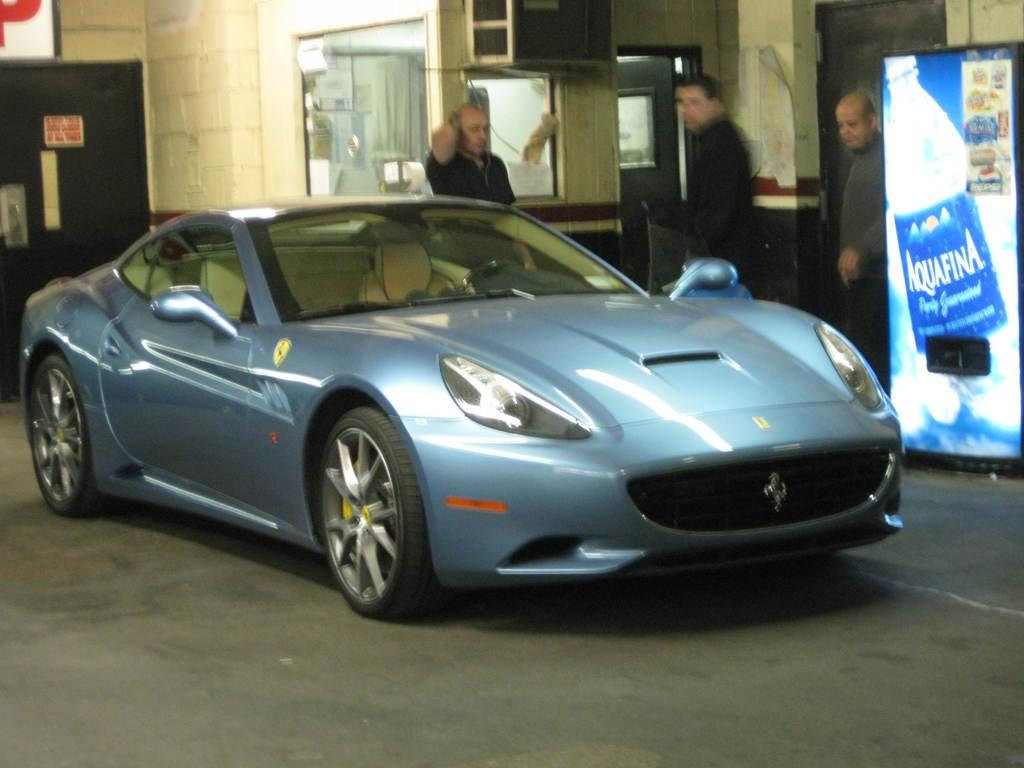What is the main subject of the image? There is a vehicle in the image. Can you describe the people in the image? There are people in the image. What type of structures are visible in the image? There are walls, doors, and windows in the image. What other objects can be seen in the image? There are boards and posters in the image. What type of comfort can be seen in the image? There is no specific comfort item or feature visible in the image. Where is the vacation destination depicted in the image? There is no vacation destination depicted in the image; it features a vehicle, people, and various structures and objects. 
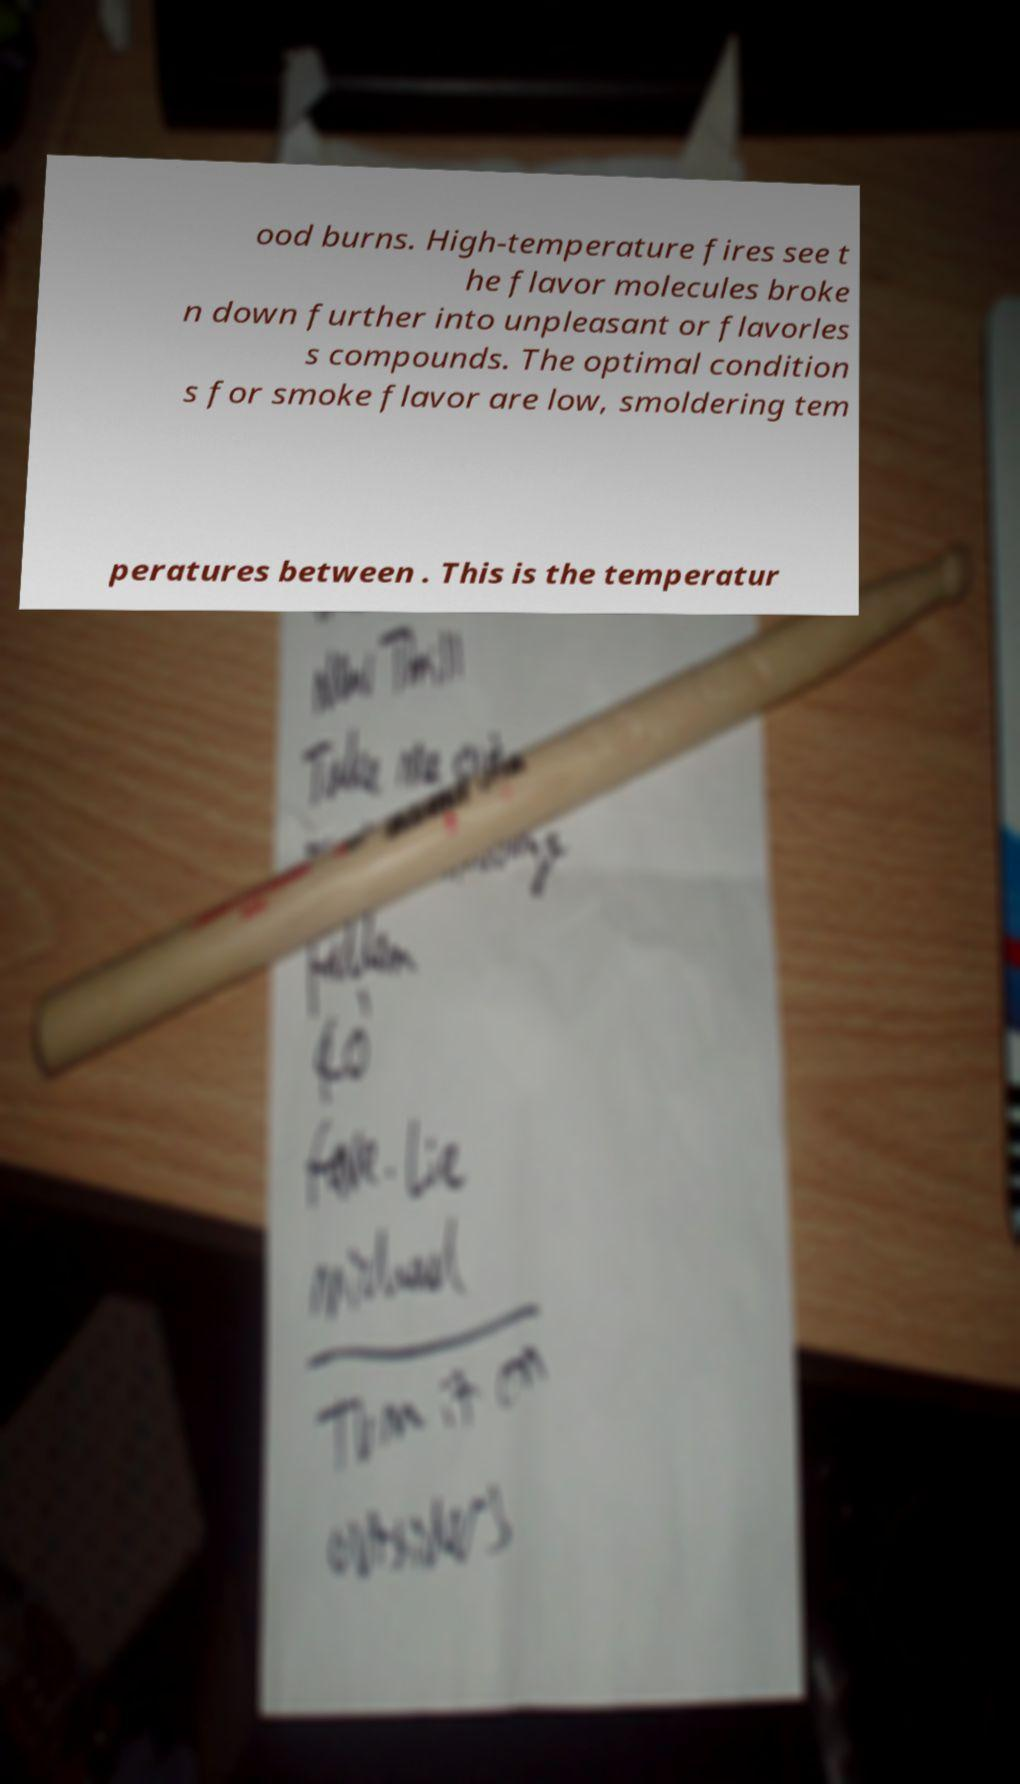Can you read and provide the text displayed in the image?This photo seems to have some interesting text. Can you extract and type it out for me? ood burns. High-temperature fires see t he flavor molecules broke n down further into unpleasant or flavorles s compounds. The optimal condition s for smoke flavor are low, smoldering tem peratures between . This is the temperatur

---

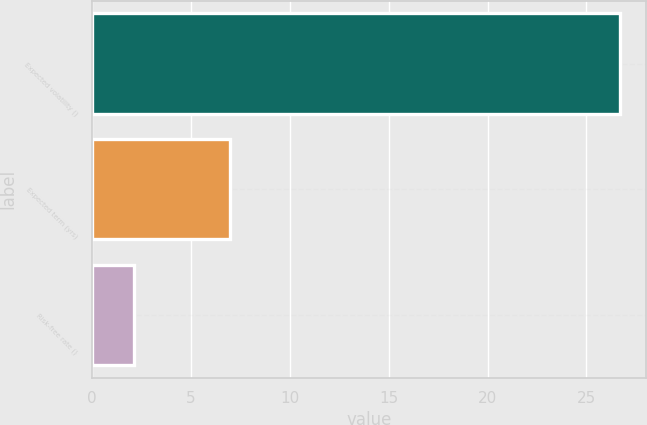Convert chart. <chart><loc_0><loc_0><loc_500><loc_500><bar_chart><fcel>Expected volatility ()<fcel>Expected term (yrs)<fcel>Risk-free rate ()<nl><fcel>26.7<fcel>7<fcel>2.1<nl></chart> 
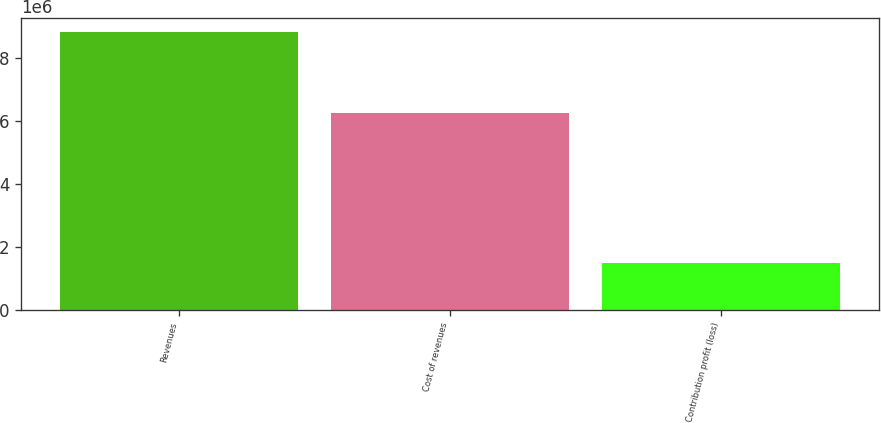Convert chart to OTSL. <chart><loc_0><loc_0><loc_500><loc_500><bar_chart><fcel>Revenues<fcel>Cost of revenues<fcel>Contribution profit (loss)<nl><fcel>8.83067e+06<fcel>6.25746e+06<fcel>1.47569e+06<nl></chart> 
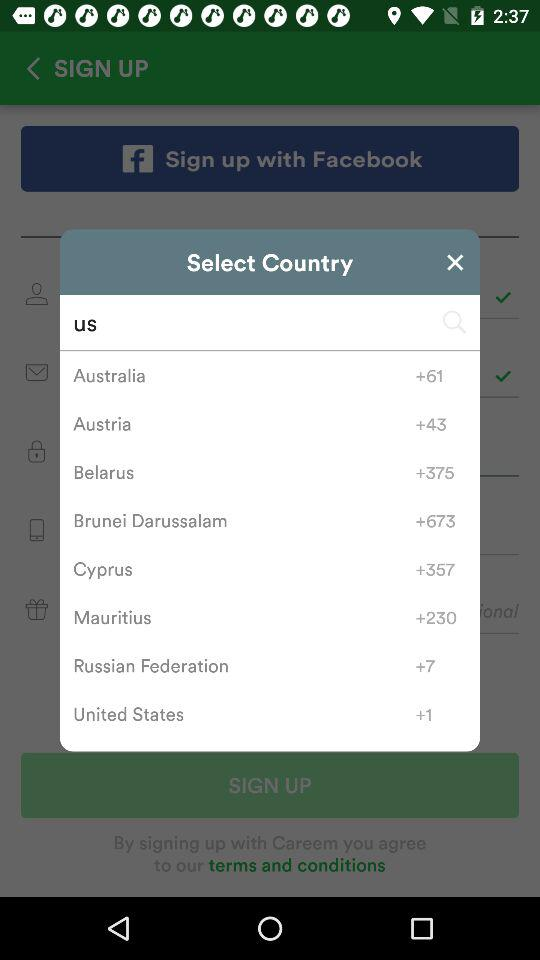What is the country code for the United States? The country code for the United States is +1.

**Prompt:**
Taking the entries above, copy word for word the lines from the one with "What is the main" up to and including the one with "Can you read", without any picture.

**Written answer:**
What is the main subject of the image? There is a vehicle in the image. Can you describe the people in the image? There are people in the image. What type of structures are visible in the image? There are walls, doors, and windows in the image. What other objects can be seen in the image? There are boards and posters in the image. What type of comfort can be seen in the image? There is no specific comfort item or feature visible in the image. Where is the vacation destination depicted in the image? There is no vacation destination depicted in the image; it features a vehicle, people, and various structures and objects. 
Can you read and provide the text displayed in the image?This photo seems to have some interesting text. Can you extract and type it out for me? ood burns. High-temperature fires see t he flavor molecules broke n down further into unpleasant or flavorles s compounds. The optimal condition s for smoke flavor are low, smoldering tem peratures between . This is the temperatur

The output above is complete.